Tagion.org is a primary online resource for the Tagion community. It is improved and changed over time through the contributions of community members who submit content, give feedback, or volunteer their time to managing its evolution.
If you’re interested in helping to improve tagion.org, start here. This contribution guide will help you get started.
Tagion.org is a hub for:
- Explanatory articles;
- Collections of related resources;
- Developer manuals & API references.
Since we all are interested in growth of our community, the landing page of tagion.org is made in promotional style, pointing out the main features of Tagion. It serves as an entry point, highlighting the main values of Tagion, with the goal to convert visitors to the new members of community.

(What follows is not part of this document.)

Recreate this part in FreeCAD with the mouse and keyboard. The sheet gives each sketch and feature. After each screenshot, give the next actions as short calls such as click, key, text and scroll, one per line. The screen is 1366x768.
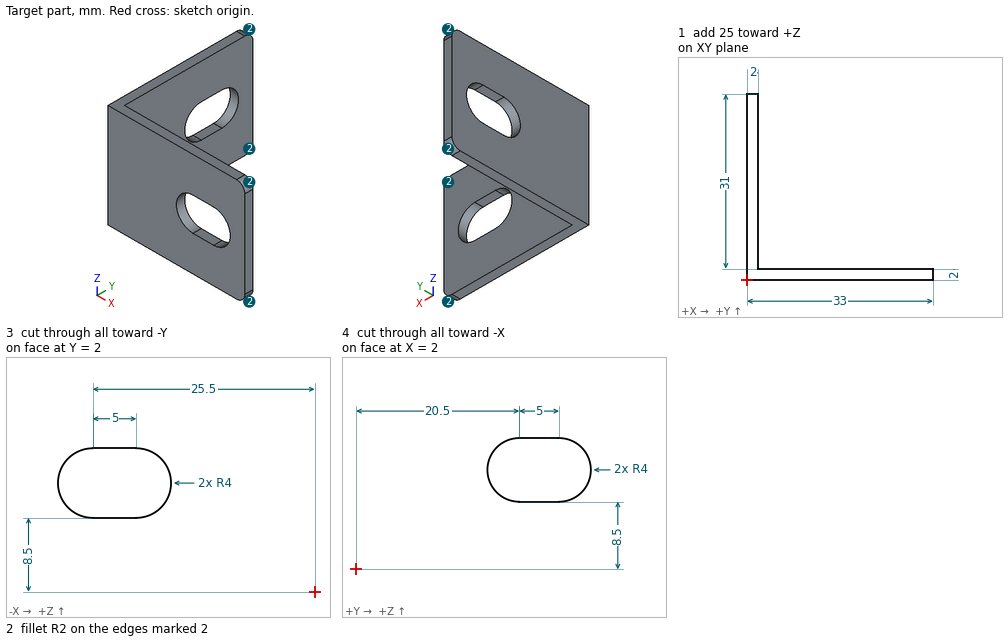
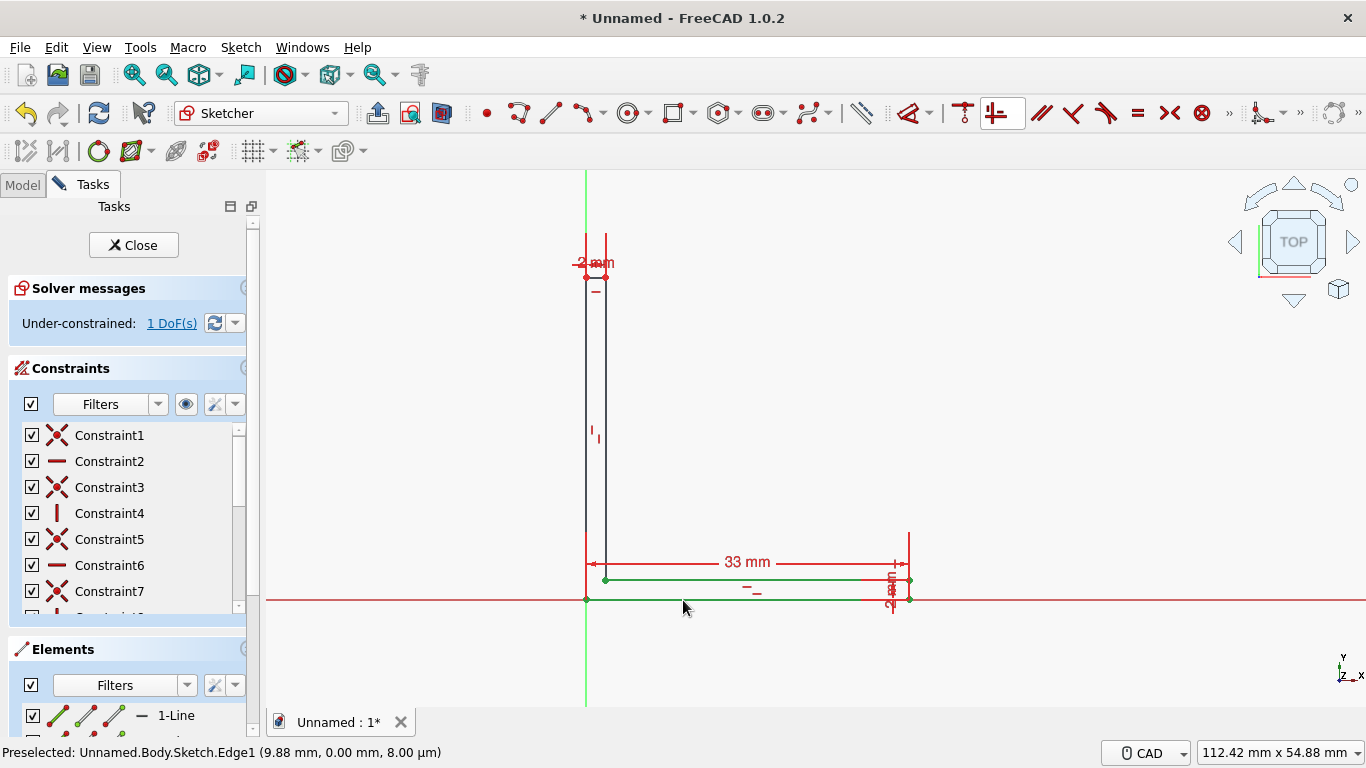
click(606, 490)

There are many ways you can get involved in improving the website:
- Check out the issues page and see if you can help with some of them;
- Identify out-of-date information on tagion.org and submit a pull-request;
- Suggest improvements for promotional page by opening an issue;
- Suggest improvements on existing content by opening an issue;
- Suggest ideas for new wiki articles, new collections by opening an issue;
- Suggest any other improvements by opening an issue;
Decisions about individual PRs, design evolution, and major upgrades to the website are made by a team of people from across the Tagion ecosystem. This team includes project managers, developers, designers, marketing and communications, and subject matter experts. Community input informs every decision: raising questions in issues, submitting PRs, or contacting the team at support@tagion.org is helpful!
This website team currently includes:
- Tobias Ambs-Thomsen (Tagion Team)
- Vlad Pazych (Tagion Team)
# Install dependencies:
npm install
# Run in dev mode:
npm run dev
You can suggest changes by submitting a pull request. If the PR integrates well, it will be approved and the website automatically rebuilt thanks to Travis CI.
You should always make a pull request to the stage
branch.
Branch gh-pages
contains built version of the website, while release
and stage
branches contain the source code.
The stage.tagion.org is hosted in another repo, built from stage
branch.
Site content (except promo pages) is in /docs
folder. Everything else in /docs/.vuepress
.
We don't use master
branch since it is indexable by search engines, which makes duplicate content, which is bad for SEO.